La conséquence est que l’europe ne capte que 10 % de la valeur mondiale des exits technologiques. Non pas parce que ses startups sont moins performantes, mais parce que les acquéreurs potentiels du vieux continent restent largement en retrait. Ainsi les opérations les plus significatives continuent d’être menées par des groupes américains ou asiatiques, plus rapides, plus capitalisés et surtout plus familiers des stratégies d’acquisition comme moteur de croissance. Les pépites européennes changent de pavillon plus tôt que dans le reste du monde, les centres de décision se déportent hors du continent, et les liquidités issues de ces transactions alimentent des écosystèmes concurrents au lieu d’irriguer la scène européenne.

Les grands groupes européens adoptent une approche trop prudente du capital, privilégient les bilans maîtrisés et restent attachés à l’idée que la technologie doit être développée en interne. Cette posture, héritée d’une tradition industrielle, les place en décalage face à leurs concurrents américains, pour qui le M&A constitue un levier naturel de consolidation, et d’innovation. Le rapport souligne également que seules 20 % des grandes entreprises européennes collaborent réellement avec des startups, contre 50 % aux États-Unis. Sans relation préalable, les acquisitions deviennent plus difficiles, plus risquées et plus tardives, lorsqu’elles ne deviennent pas tout simplement impossibles.

Le manque de M&A interne fragilise particulièrement les scaleups. Au moment où elles cessent d’être des startups et doivent accélérer à l’international, elles se heurtent à un mur : des tours late-stage insuffisants, des marchés boursiers trop fragmentés, et une absence quasi totale d’acquéreurs européens capables de prendre le relais. Beaucoup finissent par lever à des valorisations inférieures à leur potentiel, ralentissent leur développement, et se tournent vers des fonds américains, ou choisissent une cotation hors d’Europe. À ce stade, c’est toute la propriété intellectuelle, la chaîne de valeur et le potentiel industriel du continent qui s’érodent.
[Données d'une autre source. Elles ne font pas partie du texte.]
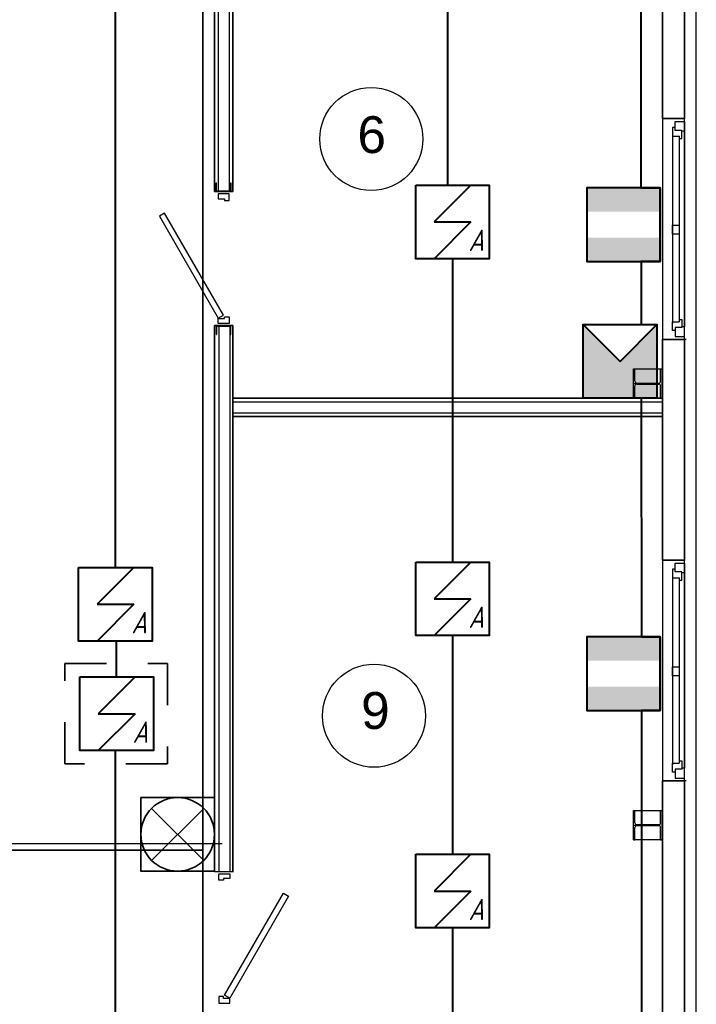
# Model space of a CAD drawing. Header units: millimetres. Extents: x -119471 to 297097, y -64331 to 65495.
# Tile 15 of 54: x -96046 to -91447, y -29320 to -22631. Entities that reach past the tile are written whole.
import ezdxf

# ---------------------------------------------------------------- set-up
doc = ezdxf.new("R2010")
doc.units = ezdxf.units.MM
doc.linetypes.add('Dashed', pattern=[564.444447, 282.222223, -282.222223])
doc.linetypes.add('GOST2.303 5', pattern=[75, 32.25, -21.5, 1.5, -19.75])
for name, color, linetype, lineweight in [('41 ПС датчики', 1, 'Continuous', 40), ('43 ОС датчики', 82, 'Continuous', 40), ('45 ДПЛС', 232, 'Continuous', 40), ('60 Оповещение', 213, 'Continuous', 35)]:
    doc.layers.add(name, color=color, linetype=linetype, lineweight=lineweight)
doc.styles.add('GOST 2.304', font='cs_gost2304.shx')
doc.styles.add('СГЕНЕРИР_СТИЛЬ_1', font='arial.ttf')

# ---------------------------------------------------------------- blocks, each defined once
blk = doc.blocks.new('A$C2C87110B')
at = {"layer": '43 ОС датчики'}
blk.add_hatch(color=0, dxfattribs=at).paths.add_polyline_path([(0, 0), (2.5, 2.5), (-2.5, 2.5), (-2.5, -2.5), (2.5, -2.5)])
at = {"layer": '43 ОС датчики', "color": 0}
for p, q in [((2.5, 2.5), (0, 0)), ((0, 0), (2.5, -2.5))]:
    blk.add_line(p, q, dxfattribs=at)
blk.add_lwpolyline([(-2.5, 2.5), (2.5, 2.5), (2.5, -2.5), (-2.5, -2.5)], close=True, dxfattribs=at)
blk = doc.blocks.new('A$C71DB1A2A')
at = {"layer": '41 ПС датчики', "color": 0, "ltscale": 20}
for p, q in [((125, 250), (-125, 0)), ((-125, 0), (125, 0)), ((125, 0), (-125, -250))]:
    blk.add_line(p, q, dxfattribs=at)
at = {"layer": '41 ПС датчики', "color": 0}
blk.add_lwpolyline([(-250, 250), (250, 250), (250, -250), (-250, -250)], close=True, dxfattribs=at)
at = {"layer": '41 ПС датчики', "color": 0, "style": 'GOST 2.304', "oblique": 15}
blk.add_text('А', height=145.3, dxfattribs=at).set_placement((108.3, -197.5))

msp = doc.modelspace()

# ---------------------------------------------------------------- hatches: boundary and pattern name
at = {"layer": '43 ОС датчики'}
h = msp.add_hatch(color=256, dxfattribs=at)
h.paths.add_polyline_path([(-92191.9, -23772.8), (-91691.9, -23772.8), (-91691.9, -23934.7), (-92191.9, -23934.7)])
h.paths.add_polyline_path([(-92191.9, -24110.8), (-91691.9, -24110.8), (-91691.9, -24272.8), (-92191.9, -24272.8)])
h = msp.add_hatch(color=256, dxfattribs=at)
h.paths.add_polyline_path([(-92191.9, -26824.1), (-91691.9, -26824.1), (-91691.9, -26986), (-92191.9, -26986)])
h.paths.add_polyline_path([(-92191.9, -27162.1), (-91691.9, -27162.1), (-91691.9, -27324.1), (-92191.9, -27324.1)])

# ---------------------------------------------------------------- linework, layer by layer
at = {"linetype": 'Continuous', "lineweight": 35}
for p, q in [((-94721.9, -20109), (-94721.9, -23798.8)), ((-94596.9, -20109), (-94596.9, -23798.8)), ((-94722, -23798.8), (-94596.9, -23798.8)), ((-94621.9, -23798.8), (-94721.9, -23798.8)), ((-94721.9, -24708.8), (-94721.9, -28417.4)), ((-94721.9, -24708.8), (-94597, -24708.8)), ((-94721.9, -24708.8), (-94597, -24708.8)), ((-94621.9, -24708.8), (-94721.9, -24708.8)), ((-94621.9, -24708.8), (-94721.9, -24708.8)), ((-94621.9, -24708.8), (-94721.9, -24708.8)), ((-94597, -24708.8), (-94596.9, -28417.4)), ((-94597, -25202.4), (-91676.9, -25202.4)), ((-94597, -25327.4), (-91676.9, -25327.4))]:
    msp.add_line(p, q, dxfattribs=at)
at = {"linetype": 'Continuous'}
for p, q in [((-94696.6, -20109), (-94696.6, -23798.8)), ((-94621.6, -20109), (-94621.6, -23798.8)), ((-91590.9, -23302.5), (-91526.9, -23302.5)), ((-91590.9, -23382.5), (-91590.9, -23322.5)), ((-91590.9, -23322.5), (-91526.9, -23322.5)), ((-91526.9, -23322.5), (-91526.9, -23388.5)), ((-91608.9, -23362.5), (-91608.9, -23422.5)), ((-91590.9, -23362.5), (-91608.9, -23362.5)), ((-91544.9, -23382.5), (-91590.9, -23382.5)), ((-91544.9, -23438.5), (-91544.9, -23382.5)), ((-91526.9, -23388.5), (-91544.9, -23388.5)), ((-91526.9, -23388.5), (-91526.9, -24716.5)), ((-91608.9, -23422.5), (-91560.9, -23422.5)), ((-91608.9, -23422.5), (-91608.9, -24692.3)), ((-91562.9, -23422.5), (-91562.9, -24682.5)), ((-91562.9, -23438.5), (-91544.9, -23438.5)), ((-94709.9, -23790.8), (-94709.9, -23738.8)), ((-94709.9, -23738.8), (-94706.9, -23738.8)), ((-94706.9, -23790.8), (-94706.9, -23738.8)), ((-94612.9, -23738.8), (-94609.9, -23738.8)), ((-94612.9, -23738.8), (-94612.9, -23790.8)), ((-94609.9, -23738.8), (-94609.9, -23790.8)), ((-94701.9, -23795.8), (-94617.9, -23795.8)), ((-94617.9, -23795.8), (-94701.9, -23795.8)), ((-94617.9, -23798.8), (-94701.9, -23798.8)), ((-94617.9, -23795.8), (-94699.9, -23795.8)), ((-94681.9, -23795.8), (-94617.9, -23795.8)), ((-94681.9, -23795.8), (-94617.9, -23795.8)), ((-91608.9, -24087.4), (-91608.9, -24027.4)), ((-91608.9, -24027.4), (-91562.9, -24027.4)), ((-91562.9, -24087.4), (-91608.9, -24087.4)), ((-91608.9, -24742.5), (-91608.9, -24682.5)), ((-91608.9, -24682.5), (-91562.9, -24682.5)), ((-91562.9, -24666.5), (-91544.9, -24666.5)), ((-91544.9, -24666.5), (-91544.9, -24722.5)), ((-94709.9, -24716.8), (-94709.9, -24768.8)), ((-94706.9, -24716.8), (-94706.9, -24768.8)), ((-94617.9, -24708.8), (-94701.9, -24708.8)), ((-94701.9, -24711.8), (-94617.9, -24711.8)), ((-94617.9, -24711.8), (-94701.9, -24711.8)), ((-94617.9, -24711.8), (-94699.9, -24711.8)), ((-94692.2, -24708.8), (-94692.2, -28417.4)), ((-94681.9, -24711.8), (-94617.9, -24711.8)), ((-94681.9, -24711.8), (-94617.9, -24711.8)), ((-94617.2, -24708.8), (-94617.2, -28417.4)), ((-94612.9, -24768.8), (-94612.9, -24716.8)), ((-94609.9, -24768.8), (-94609.9, -24716.8)), ((-91590.9, -24742.5), (-91608.9, -24742.5)), ((-91544.9, -24722.5), (-91590.9, -24722.5)), ((-91590.9, -24722.5), (-91590.9, -24782.5)), ((-91526.9, -24716.5), (-91544.9, -24716.5)), ((-91526.9, -24782.5), (-91526.9, -24716.5)), ((-94709.9, -24768.8), (-94706.9, -24768.8)), ((-94612.9, -24768.8), (-94609.9, -24768.8)), ((-91516.4, -24802.5), (-91641.4, -24802.5)), ((-91590.9, -24782.5), (-91526.9, -24782.5)), ((-91874.4, -25002.4), (-91864.4, -25002.4)), ((-91874.4, -25202.4), (-91874.4, -25002.4)), ((-91874.4, -25002.4), (-91864.4, -25002.4)), ((-91874.4, -25202.4), (-91874.4, -25002.4)), ((-91864.4, -25086.1), (-91864.4, -25002.4)), ((-91864.4, -25002.4), (-91689.4, -25002.4)), ((-91689.4, -25086.1), (-91689.4, -25002.4)), ((-91689.4, -25002.4), (-91679.4, -25002.4)), ((-91689.4, -25002.4), (-91679.4, -25002.4)), ((-91679.4, -25202.4), (-91679.4, -25002.4)), ((-91679.4, -25002.4), (-91676.9, -25002.4)), ((-91676.9, -25002.4), (-91676.9, -25202.4)), ((-91864.4, -25202.4), (-91864.4, -25118.6)), ((-91851.4, -25099.1), (-91702.4, -25099.1)), ((-91851.4, -25105.6), (-91702.4, -25105.6)), ((-91689.4, -25202.4), (-91689.4, -25118.6)), ((-94597, -25202.4), (-91676.9, -25202.4)), ((-91874.4, -25202.4), (-91864.4, -25202.4)), ((-91689.4, -25202.4), (-91864.4, -25202.4)), ((-91689.4, -25202.4), (-91679.4, -25202.4)), ((-91676.9, -25202.4), (-91679.4, -25202.4)), ((-94597, -25227.4), (-91676.9, -25227.4)), ((-94597, -25302.4), (-91676.9, -25302.4)), ((-91590.9, -26302.5), (-91526.9, -26302.5)), ((-91590.9, -26382.5), (-91590.9, -26322.5)), ((-91590.9, -26322.5), (-91526.9, -26322.5)), ((-91526.9, -26322.5), (-91526.9, -26388.5)), ((-91608.9, -26362.5), (-91608.9, -26422.5)), ((-91590.9, -26362.5), (-91608.9, -26362.5)), ((-91608.9, -26422.5), (-91560.9, -26422.5)), ((-91608.9, -26422.5), (-91608.9, -27692.3)), ((-91544.9, -26382.5), (-91590.9, -26382.5)), ((-91562.9, -26422.5), (-91562.9, -27682.5)), ((-91544.9, -26438.5), (-91544.9, -26382.5)), ((-91526.9, -26388.5), (-91544.9, -26388.5)), ((-91526.9, -26388.5), (-91526.9, -27716.5)), ((-91562.9, -26438.5), (-91544.9, -26438.5)), ((-91608.9, -27087.4), (-91608.9, -27027.4)), ((-91608.9, -27027.4), (-91562.9, -27027.4)), ((-91562.9, -27087.4), (-91608.9, -27087.4)), ((-91608.9, -27742.5), (-91608.9, -27682.5)), ((-91608.9, -27682.5), (-91562.9, -27682.5)), ((-91562.9, -27666.5), (-91544.9, -27666.5)), ((-91544.9, -27666.5), (-91544.9, -27722.5)), ((-91590.9, -27742.5), (-91608.9, -27742.5)), ((-91544.9, -27722.5), (-91590.9, -27722.5)), ((-91590.9, -27722.5), (-91590.9, -27782.5)), ((-91526.9, -27716.5), (-91544.9, -27716.5)), ((-91526.9, -27782.5), (-91526.9, -27716.5)), ((-91676.9, -28402.5), (-91676.9, -27802.5)), ((-91516.4, -27802.5), (-91641.4, -27802.5)), ((-91590.9, -27782.5), (-91526.9, -27782.5)), ((-91874.4, -28002.4), (-91864.4, -28002.4)), ((-91874.4, -28202.4), (-91874.4, -28002.4)), ((-91864.4, -28086.1), (-91864.4, -28002.4)), ((-91689.4, -28086.1), (-91689.4, -28002.4)), ((-91689.4, -28002.4), (-91679.4, -28002.4)), ((-91679.4, -28202.4), (-91679.4, -28002.4)), ((-91864.4, -28202.4), (-91864.4, -28118.6)), ((-91851.4, -28099.1), (-91702.4, -28099.1)), ((-91851.4, -28105.6), (-91702.4, -28105.6)), ((-91689.4, -28202.4), (-91689.4, -28118.6)), ((-96157.9, -28227.4), (-94669, -28227.4)), ((-91874.4, -28202.4), (-91864.4, -28202.4)), ((-91689.4, -28202.4), (-91679.4, -28202.4)), ((-94721.9, -28417.4), (-94596.9, -28417.4)), ((-94692.2, -28417.4), (-94592.2, -28417.4))]:
    msp.add_line(p, q, dxfattribs=at)
at = {"linetype": 'GOST2.303 5'}
for p, q in [((-91876.4, -25102.4), (-91677.4, -25102.4)), ((-91776.9, -25097.1), (-91776.9, -25107.6)), ((-91876.4, -28102.4), (-91677.4, -28102.4)), ((-91776.9, -28097.1), (-91776.9, -28107.6))]:
    msp.add_line(p, q, dxfattribs=at)
at = {"linetype": 'Continuous', "flags": 128}
msp.add_lwpolyline([(-96606.9, -35402), (-96606.9, -37432.4), (-91446.9, -37432.4), (-91446.9, -15952.4), (-91526.9, -15952.4)], dxfattribs=at)
at = {"linetype": 'Continuous', "lineweight": 35, "flags": 128}
for points in [[(-91676.9, -23302.5), (-91526.9, -23302.5), (-91526.9, -18802.4), (-91676.9, -18802.4)], [(-91676.9, -26302.5), (-91526.9, -26302.5), (-91526.9, -24802.5), (-91676.9, -24802.5)], [(-91676.9, -34402.4), (-91526.9, -34402.4), (-91526.9, -27802.5), (-91676.9, -27802.5)]]:
    msp.add_lwpolyline(points, close=True, dxfattribs=at)
at = {"linetype": 'Continuous', "flags": 128}
for points in [[(-91526.9, -23302.5), (-91676.9, -23302.5), (-91676.9, -24802.5), (-91526.9, -24802.5)], [(-94621.9, -23813.8), (-94695.9, -23813.8), (-94695.9, -23846.8), (-94653.9, -23846.8), (-94653.9, -23858.8), (-94621.9, -23858.8)], [(-94661.3, -24638.8), (-95061.3, -23946), (-95095.9, -23966), (-94695.9, -24658.8)], [(-94621.9, -24693.8), (-94695.9, -24693.8), (-94695.9, -24660.8), (-94653.9, -24660.8), (-94653.9, -24648.8), (-94621.9, -24648.8)], [(-91526.9, -26302.5), (-91676.9, -26302.5), (-91676.9, -27802.5), (-91526.9, -27802.5)], [(-91874.4, -28002.4), (-91676.9, -28002.4), (-91676.9, -28202.4), (-91874.4, -28202.4)], [(-94692.2, -28432.4), (-94618.2, -28432.4), (-94618.2, -28465.4), (-94660.2, -28465.4), (-94660.2, -28477.4), (-94692.2, -28477.4)], [(-94652.8, -29257.4), (-94252.8, -28564.6), (-94218.2, -28584.6), (-94618.2, -29277.4)], [(-94692.2, -29312.4), (-94618.2, -29312.4), (-94618.2, -29279.4), (-94660.2, -29279.4), (-94660.2, -29267.4), (-94692.2, -29267.4)]]:
    msp.add_lwpolyline(points, close=True, dxfattribs=at)
at = {"linetype": 'Continuous'}
for centre in [(-93656.1, -23441.3), (-93637.4, -27359.6)]:
    msp.add_circle(centre, 350, dxfattribs=at)
for centre, radius, start, end in [((-94701.9, -23790.8), 8, 180, 270), ((-94701.9, -23790.8), 5, 180, 270), ((-94617.9, -23790.8), 8, 270, 0), ((-94617.9, -23790.8), 5, 270, 0), ((-94701.9, -24716.8), 8, 90, 180), ((-94701.9, -24716.8), 5, 90, 180), ((-94617.9, -24716.8), 8, 0, 90), ((-94617.9, -24716.8), 5, 0, 90), ((-91851.4, -25086.1), 13, 180, 270), ((-91851.4, -25118.6), 13, 90, 180), ((-91702.4, -25086.1), 13, 270, 0), ((-91702.4, -25118.6), 13, 0, 90), ((-91851.4, -28086.1), 13, 180, 270), ((-91702.4, -28086.1), 13, 270, 0), ((-91851.4, -28118.6), 13, 90, 180), ((-91702.4, -28118.6), 13, 0, 90)]:
    msp.add_arc(centre, radius, start, end, dxfattribs=at)
at = {"layer": '43 ОС датчики'}
for points in [[(-91691.9, -23772.8), (-92191.9, -23772.8), (-92191.9, -24272.8), (-91691.9, -24272.8)], [(-91691.9, -26824.1), (-92191.9, -26824.1), (-92191.9, -27324.1), (-91691.9, -27324.1)]]:
    msp.add_lwpolyline(points, close=True, dxfattribs=at)
at = {"layer": '45 ДПЛС', "ltscale": 100}
for p, q in [((-95394.8, -26352.4), (-95394.8, -21595.8)), ((-93136.9, -21962.3), (-93136.9, -23754.7)), ((-93103.8, -24254.7), (-93103.8, -26315.2)), ((-93103.8, -26815.2), (-93103.8, -28300.7)), ((-95386.5, -27095.8), (-95386.5, -26852.4)), ((-95394.8, -29411.5), (-95394.8, -27595.8)), ((-93103.8, -28800.7), (-93103.8, -30488.5))]:
    msp.add_line(p, q, dxfattribs=at)
at = {"layer": '45 ДПЛС', "color": 82, "ltscale": 100}
msp.add_lwpolyline([(-92547.4, -20493.9), (-92214.8, -20493.9), (-92214.8, -20627.5), (-91823.6, -20627.5), (-91823.3, -23772.8), (-91691.9, -23772.8), (-91691.9, -24272.8), (-91822.1, -24272.8), (-91822.1, -24702.4), (-91714.8, -24702.4), (-91714.8, -25202.4), (-91820.6, -25202.4), (-91820, -26824.1), (-91691.9, -26824.1), (-91691.9, -27324.1), (-91819.7, -27324.1), (-91819.7, -29477.4)], dxfattribs=at)
at = {"layer": '60 Оповещение'}
for p, q in [((-94795.1, -27988.6), (-95148.7, -28342.2)), ((-94795.1, -28342.2), (-95148.7, -27988.6))]:
    msp.add_line(p, q, dxfattribs=at)
at = {"layer": '60 Оповещение', "ltscale": 100}
for points in [[(-94800.6, -20426.9), (-94800.6, -32647.5), (-96631.6, -32647.5), (-96631.6, -35020.4), (-98929.4, -35020.4), (-98929.4, -32784.2), (-101254.3, -32784.2), (-101254.3, -35034.1), (-103692, -35034.1), (-103692, -32589.6), (-105564.6, -32589.6), (-105564.6, -12727.6)], [(-94800.6, -28271.7), (-99538.6, -28271.7), (-99538.6, -27835.6), (-99469.2, -27835.6)]]:
    msp.add_lwpolyline(points, dxfattribs=at)
at = {"layer": '60 Оповещение', "color": 1, "linetype": 'Dashed'}
msp.add_lwpolyline([(-95738.9, -27004.4), (-95041, -27004.4), (-95041, -27686.4), (-95738.9, -27686.4)], close=True, dxfattribs=at)
at = {"layer": '60 Оповещение'}
msp.add_lwpolyline([(-94721.9, -27915.4), (-95221.9, -27915.4), (-95221.9, -28415.4), (-94721.9, -28415.4)], close=True, dxfattribs=at)
msp.add_circle((-94971.9, -28165.4), 250, dxfattribs=at)

# ---------------------------------------------------------------- block references
at = {"layer": '41 ПС датчики', "lineweight": 35, "ltscale": 100}
for p in [(-93103.8, -24004.7), (-95394.8, -26602.4), (-93103.8, -26565.2), (-95386.5, -27345.8), (-93103.8, -28550.7)]:
    msp.add_blockref('A$C71DB1A2A', p, dxfattribs=at)
at = {"layer": '43 ОС датчики', "xscale": 100, "yscale": 100, "zscale": 100, "rotation": 90.00000000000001}
msp.add_blockref('A$C2C87110B', (-91964.8, -24952.4), dxfattribs=at)

# ---------------------------------------------------------------- texts
at = {"linetype": 'Continuous', "char_height": 250, "attachment_point": 7, "style": 'СГЕНЕРИР_СТИЛЬ_1'}
for s, insert in [('\\A1;{\\fArial|b0|i0|c204|p38;6}', (-93750.2, -23540)), ('\\A1;{\\fArial|b0|i0|c204|p38;9}', (-93725, -27452.4))]:
    msp.add_mtext(s, dxfattribs=dict(at, insert=insert))

doc.saveas('drawing.dxf')

Selon le rapport d’Atomico, l’Europe n’est pas seulement pénalisée par son manque d’acquéreurs, elle se prive également des effets d’entraînement qui font la force des écosystèmes prospères. Les exits locaux alimentent traditionnellement la prochaine génération de fondateurs, enrichissent les compétences managériales, renforcent les équipes dirigeantes et permettent aux employees stock options de se transformer en capital réinvesti dans de nouveaux projets. En l’absence d’un marché de fusions-acquisitions actif, cette mécanique vertueuse reste sous-développée.

La prochaine décennie sera décisive. Si le continent veut prétendre à un leadership durable, il devra se doter d’un véritable marché de M&A interne, capable de soutenir ses entreprises et de protéger la valeur créée sur son sol. Cela suppose une évolution du comportement des grands groupes européens, une harmonisation réglementaire qui facilite les rapprochements transfrontaliers, et un changement culturel profond où l’acquisition devient un outil stratégique, et non une décision par défaut.

L’Europe dispose des startups, des talents et des technologies. Sa chaîne de financement se densifie, et ses atouts dans la deeptech constituent un avantage stratégique décisif, un domaine où nous partons fort, contrairement à la précédente vague dominée par le SaaS et le cloud, où nous étions structurellement en retard. Mais il lui manque encore l’essentiel: une volonté collective de transformer ces avancées en champions industriels. Tant que le continent ne se dotera pas d’acquéreurs européens capables d’agir vite et à grande échelle, la création de valeur continuera de partir ailleurs.